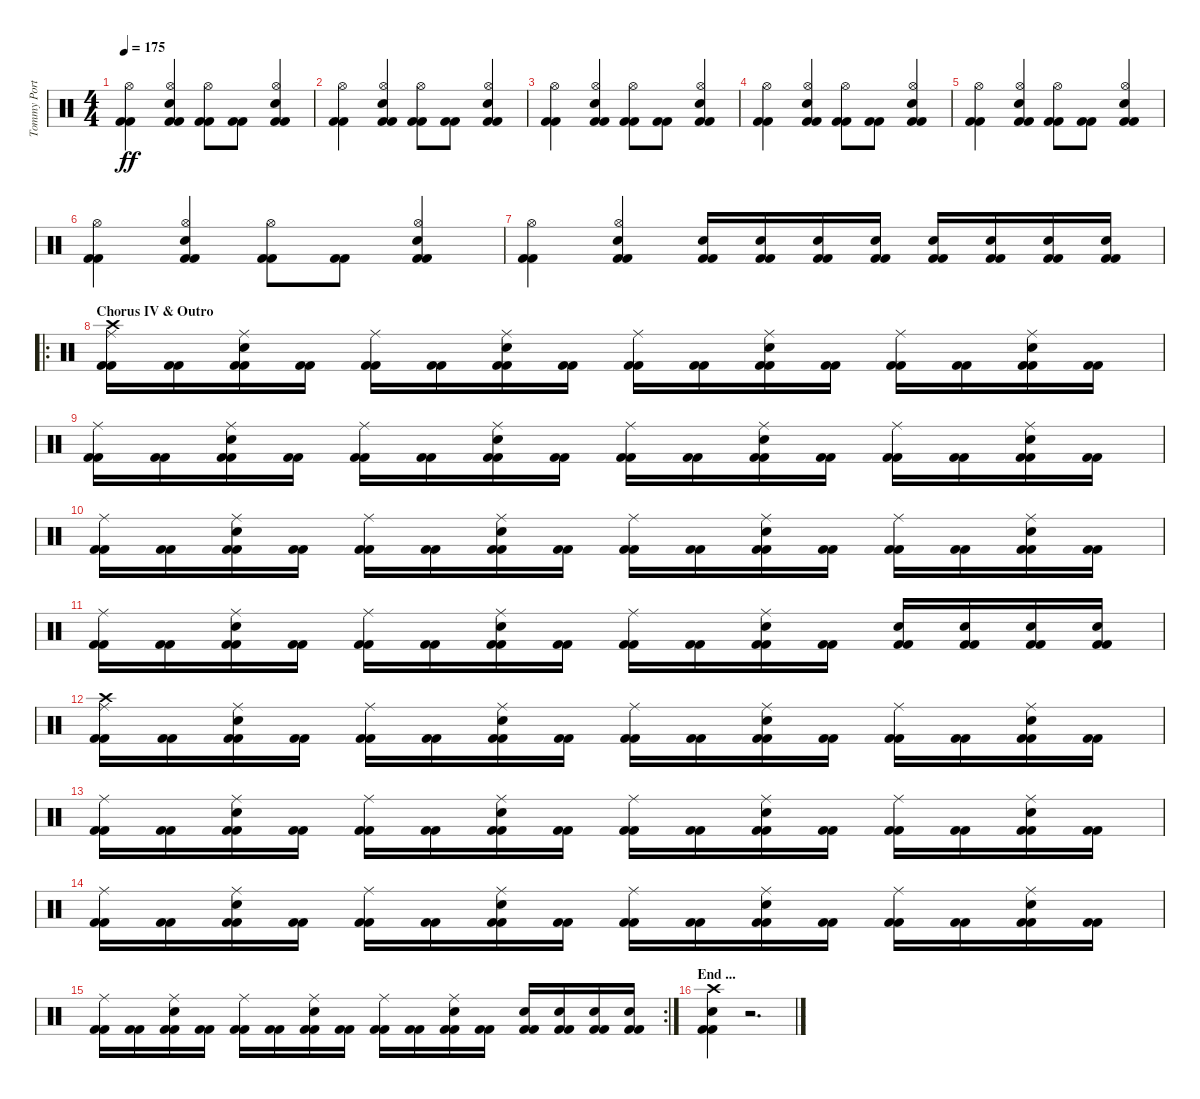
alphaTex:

\track ("Tommy Portimo" "Tommy Port") {instrument percussion}
\staff {score}
\articulation defaults
\ts (4 4)
\tempo 175
\clef neutral
\ks c
("Kick (hit) 2" "Kick (hit) 2" "Hi-Hat (open)").4{dy ff} ("Kick (hit) 2" "Kick (hit) 2" "Electric Snare (hit)" "Hi-Hat (open)").4 ("Kick (hit) 2" "Kick (hit) 2" "Hi-Hat (open)").8 ("Kick (hit) 2" "Kick (hit) 2").8 ("Kick (hit) 2" "Kick (hit) 2" "Electric Snare (hit)" "Hi-Hat (open)").4 |
("Kick (hit) 2" "Kick (hit) 2" "Hi-Hat (open)").4 ("Kick (hit) 2" "Kick (hit) 2" "Electric Snare (hit)" "Hi-Hat (open)").4 ("Kick (hit) 2" "Kick (hit) 2" "Hi-Hat (open)").8 ("Kick (hit) 2" "Kick (hit) 2").8 ("Kick (hit) 2" "Kick (hit) 2" "Electric Snare (hit)" "Hi-Hat (open)").4 |
("Kick (hit) 2" "Kick (hit) 2" "Hi-Hat (open)").4 ("Kick (hit) 2" "Kick (hit) 2" "Electric Snare (hit)" "Hi-Hat (open)").4 ("Kick (hit) 2" "Kick (hit) 2" "Hi-Hat (open)").8 ("Kick (hit) 2" "Kick (hit) 2").8 ("Kick (hit) 2" "Kick (hit) 2" "Electric Snare (hit)" "Hi-Hat (open)").4 |
("Kick (hit) 2" "Kick (hit) 2" "Hi-Hat (open)").4 ("Kick (hit) 2" "Kick (hit) 2" "Electric Snare (hit)" "Hi-Hat (open)").4 ("Kick (hit) 2" "Kick (hit) 2" "Hi-Hat (open)").8 ("Kick (hit) 2" "Kick (hit) 2").8 ("Kick (hit) 2" "Kick (hit) 2" "Electric Snare (hit)" "Hi-Hat (open)").4 |
("Kick (hit) 2" "Kick (hit) 2" "Hi-Hat (open)").4 ("Kick (hit) 2" "Kick (hit) 2" "Electric Snare (hit)" "Hi-Hat (open)").4 ("Kick (hit) 2" "Kick (hit) 2" "Hi-Hat (open)").8 ("Kick (hit) 2" "Kick (hit) 2").8 ("Kick (hit) 2" "Kick (hit) 2" "Electric Snare (hit)" "Hi-Hat (open)").4 |
("Kick (hit) 2" "Kick (hit) 2" "Hi-Hat (open)").4 ("Kick (hit) 2" "Kick (hit) 2" "Electric Snare (hit)" "Hi-Hat (open)").4 ("Kick (hit) 2" "Kick (hit) 2" "Hi-Hat (open)").8 ("Kick (hit) 2" "Kick (hit) 2").8 ("Kick (hit) 2" "Kick (hit) 2" "Electric Snare (hit)" "Hi-Hat (open)").4 |
("Kick (hit) 2" "Kick (hit) 2" "Hi-Hat (open)").4 ("Kick (hit) 2" "Kick (hit) 2" "Electric Snare (hit)" "Hi-Hat (open)").4 ("Kick (hit) 2" "Kick (hit) 2" "Electric Snare (hit)").16 ("Kick (hit) 2" "Kick (hit) 2" "Electric Snare (hit)").16 ("Kick (hit) 2" "Kick (hit) 2" "Electric Snare (hit)").16 ("Kick (hit) 2" "Kick (hit) 2" "Electric Snare (hit)").16 ("Kick (hit) 2" "Kick (hit) 2" "Electric Snare (hit)").16 ("Kick (hit) 2" "Kick (hit) 2" "Electric Snare (hit)").16 ("Kick (hit) 2" "Kick (hit) 2" "Electric Snare (hit)").16 ("Kick (hit) 2" "Kick (hit) 2" "Electric Snare (hit)").16 |
\ro
\section ("" "Chorus IV & Outro")
("Kick (hit) 2" "Kick (hit) 2" "Ride (middle)" "Crash high (hit)").16 ("Kick (hit) 2" "Kick (hit) 2").16 ("Kick (hit) 2" "Kick (hit) 2" "Ride (middle)" "Electric Snare (hit)").16 ("Kick (hit) 2" "Kick (hit) 2").16 ("Kick (hit) 2" "Kick (hit) 2" "Ride (middle)").16 ("Kick (hit) 2" "Kick (hit) 2").16 ("Kick (hit) 2" "Kick (hit) 2" "Ride (middle)" "Electric Snare (hit)").16 ("Kick (hit) 2" "Kick (hit) 2").16 ("Kick (hit) 2" "Kick (hit) 2" "Ride (middle)").16 ("Kick (hit) 2" "Kick (hit) 2").16 ("Kick (hit) 2" "Kick (hit) 2" "Ride (middle)" "Electric Snare (hit)").16 ("Kick (hit) 2" "Kick (hit) 2").16 ("Kick (hit) 2" "Kick (hit) 2" "Ride (middle)").16 ("Kick (hit) 2" "Kick (hit) 2").16 ("Kick (hit) 2" "Kick (hit) 2" "Ride (middle)" "Electric Snare (hit)").16 ("Kick (hit) 2" "Kick (hit) 2").16 |
("Kick (hit) 2" "Kick (hit) 2" "Ride (middle)").16 ("Kick (hit) 2" "Kick (hit) 2").16 ("Kick (hit) 2" "Kick (hit) 2" "Ride (middle)" "Electric Snare (hit)").16 ("Kick (hit) 2" "Kick (hit) 2").16 ("Kick (hit) 2" "Kick (hit) 2" "Ride (middle)").16 ("Kick (hit) 2" "Kick (hit) 2").16 ("Kick (hit) 2" "Kick (hit) 2" "Ride (middle)" "Electric Snare (hit)").16 ("Kick (hit) 2" "Kick (hit) 2").16 ("Kick (hit) 2" "Kick (hit) 2" "Ride (middle)").16 ("Kick (hit) 2" "Kick (hit) 2").16 ("Kick (hit) 2" "Kick (hit) 2" "Ride (middle)" "Electric Snare (hit)").16 ("Kick (hit) 2" "Kick (hit) 2").16 ("Kick (hit) 2" "Kick (hit) 2" "Ride (middle)").16 ("Kick (hit) 2" "Kick (hit) 2").16 ("Kick (hit) 2" "Kick (hit) 2" "Ride (middle)" "Electric Snare (hit)").16 ("Kick (hit) 2" "Kick (hit) 2").16 |
("Kick (hit) 2" "Kick (hit) 2" "Ride (middle)").16 ("Kick (hit) 2" "Kick (hit) 2").16 ("Kick (hit) 2" "Kick (hit) 2" "Ride (middle)" "Electric Snare (hit)").16 ("Kick (hit) 2" "Kick (hit) 2").16 ("Kick (hit) 2" "Kick (hit) 2" "Ride (middle)").16 ("Kick (hit) 2" "Kick (hit) 2").16 ("Kick (hit) 2" "Kick (hit) 2" "Ride (middle)" "Electric Snare (hit)").16 ("Kick (hit) 2" "Kick (hit) 2").16 ("Kick (hit) 2" "Kick (hit) 2" "Ride (middle)").16 ("Kick (hit) 2" "Kick (hit) 2").16 ("Kick (hit) 2" "Kick (hit) 2" "Ride (middle)" "Electric Snare (hit)").16 ("Kick (hit) 2" "Kick (hit) 2").16 ("Kick (hit) 2" "Kick (hit) 2" "Ride (middle)").16 ("Kick (hit) 2" "Kick (hit) 2").16 ("Kick (hit) 2" "Kick (hit) 2" "Ride (middle)" "Electric Snare (hit)").16 ("Kick (hit) 2" "Kick (hit) 2").16 |
("Kick (hit) 2" "Kick (hit) 2" "Ride (middle)").16 ("Kick (hit) 2" "Kick (hit) 2").16 ("Kick (hit) 2" "Kick (hit) 2" "Ride (middle)" "Electric Snare (hit)").16 ("Kick (hit) 2" "Kick (hit) 2").16 ("Kick (hit) 2" "Kick (hit) 2" "Ride (middle)").16 ("Kick (hit) 2" "Kick (hit) 2").16 ("Kick (hit) 2" "Kick (hit) 2" "Ride (middle)" "Electric Snare (hit)").16 ("Kick (hit) 2" "Kick (hit) 2").16 ("Kick (hit) 2" "Kick (hit) 2" "Ride (middle)").16 ("Kick (hit) 2" "Kick (hit) 2").16 ("Kick (hit) 2" "Kick (hit) 2" "Ride (middle)" "Electric Snare (hit)").16 ("Kick (hit) 2" "Kick (hit) 2").16 ("Kick (hit) 2" "Kick (hit) 2" "Electric Snare (hit)").16 ("Kick (hit) 2" "Kick (hit) 2" "Electric Snare (hit)").16 ("Kick (hit) 2" "Kick (hit) 2" "Electric Snare (hit)").16 ("Kick (hit) 2" "Kick (hit) 2" "Electric Snare (hit)").16 |
("Kick (hit) 2" "Kick (hit) 2" "Ride (middle)" "Crash high (hit)").16 ("Kick (hit) 2" "Kick (hit) 2").16 ("Kick (hit) 2" "Kick (hit) 2" "Ride (middle)" "Electric Snare (hit)").16 ("Kick (hit) 2" "Kick (hit) 2").16 ("Kick (hit) 2" "Kick (hit) 2" "Ride (middle)").16 ("Kick (hit) 2" "Kick (hit) 2").16 ("Kick (hit) 2" "Kick (hit) 2" "Ride (middle)" "Electric Snare (hit)").16 ("Kick (hit) 2" "Kick (hit) 2").16 ("Kick (hit) 2" "Kick (hit) 2" "Ride (middle)").16 ("Kick (hit) 2" "Kick (hit) 2").16 ("Kick (hit) 2" "Kick (hit) 2" "Ride (middle)" "Electric Snare (hit)").16 ("Kick (hit) 2" "Kick (hit) 2").16 ("Kick (hit) 2" "Kick (hit) 2" "Ride (middle)").16 ("Kick (hit) 2" "Kick (hit) 2").16 ("Kick (hit) 2" "Kick (hit) 2" "Ride (middle)" "Electric Snare (hit)").16 ("Kick (hit) 2" "Kick (hit) 2").16 |
("Kick (hit) 2" "Kick (hit) 2" "Ride (middle)").16 ("Kick (hit) 2" "Kick (hit) 2").16 ("Kick (hit) 2" "Kick (hit) 2" "Ride (middle)" "Electric Snare (hit)").16 ("Kick (hit) 2" "Kick (hit) 2").16 ("Kick (hit) 2" "Kick (hit) 2" "Ride (middle)").16 ("Kick (hit) 2" "Kick (hit) 2").16 ("Kick (hit) 2" "Kick (hit) 2" "Ride (middle)" "Electric Snare (hit)").16 ("Kick (hit) 2" "Kick (hit) 2").16 ("Kick (hit) 2" "Kick (hit) 2" "Ride (middle)").16 ("Kick (hit) 2" "Kick (hit) 2").16 ("Kick (hit) 2" "Kick (hit) 2" "Ride (middle)" "Electric Snare (hit)").16 ("Kick (hit) 2" "Kick (hit) 2").16 ("Kick (hit) 2" "Kick (hit) 2" "Ride (middle)").16 ("Kick (hit) 2" "Kick (hit) 2").16 ("Kick (hit) 2" "Kick (hit) 2" "Ride (middle)" "Electric Snare (hit)").16 ("Kick (hit) 2" "Kick (hit) 2").16 |
("Kick (hit) 2" "Kick (hit) 2" "Ride (middle)").16 ("Kick (hit) 2" "Kick (hit) 2").16 ("Kick (hit) 2" "Kick (hit) 2" "Ride (middle)" "Electric Snare (hit)").16 ("Kick (hit) 2" "Kick (hit) 2").16 ("Kick (hit) 2" "Kick (hit) 2" "Ride (middle)").16 ("Kick (hit) 2" "Kick (hit) 2").16 ("Kick (hit) 2" "Kick (hit) 2" "Ride (middle)" "Electric Snare (hit)").16 ("Kick (hit) 2" "Kick (hit) 2").16 ("Kick (hit) 2" "Kick (hit) 2" "Ride (middle)").16 ("Kick (hit) 2" "Kick (hit) 2").16 ("Kick (hit) 2" "Kick (hit) 2" "Ride (middle)" "Electric Snare (hit)").16 ("Kick (hit) 2" "Kick (hit) 2").16 ("Kick (hit) 2" "Kick (hit) 2" "Ride (middle)").16 ("Kick (hit) 2" "Kick (hit) 2").16 ("Kick (hit) 2" "Kick (hit) 2" "Ride (middle)" "Electric Snare (hit)").16 ("Kick (hit) 2" "Kick (hit) 2").16 |
\rc 2
("Kick (hit) 2" "Kick (hit) 2" "Ride (middle)").16 ("Kick (hit) 2" "Kick (hit) 2").16 ("Kick (hit) 2" "Kick (hit) 2" "Ride (middle)" "Electric Snare (hit)").16 ("Kick (hit) 2" "Kick (hit) 2").16 ("Kick (hit) 2" "Kick (hit) 2" "Ride (middle)").16 ("Kick (hit) 2" "Kick (hit) 2").16 ("Kick (hit) 2" "Kick (hit) 2" "Ride (middle)" "Electric Snare (hit)").16 ("Kick (hit) 2" "Kick (hit) 2").16 ("Kick (hit) 2" "Kick (hit) 2" "Ride (middle)").16 ("Kick (hit) 2" "Kick (hit) 2").16 ("Kick (hit) 2" "Kick (hit) 2" "Ride (middle)" "Electric Snare (hit)").16 ("Kick (hit) 2" "Kick (hit) 2").16 ("Kick (hit) 2" "Kick (hit) 2" "Electric Snare (hit)").16 ("Kick (hit) 2" "Kick (hit) 2" "Electric Snare (hit)").16 ("Kick (hit) 2" "Kick (hit) 2" "Electric Snare (hit)").16 ("Kick (hit) 2" "Kick (hit) 2" "Electric Snare (hit)").16 |
\section ("" "End ...")
("Kick (hit) 2" "Kick (hit) 2" "Electric Snare (hit)" "Crash high (hit)").4 r.2{d}

» Instructions for the task
Each line of the entries that contains the word "section" should be listed.

» Expected output
\section ("" "Chorus IV & Outro")
\section ("" "End ...")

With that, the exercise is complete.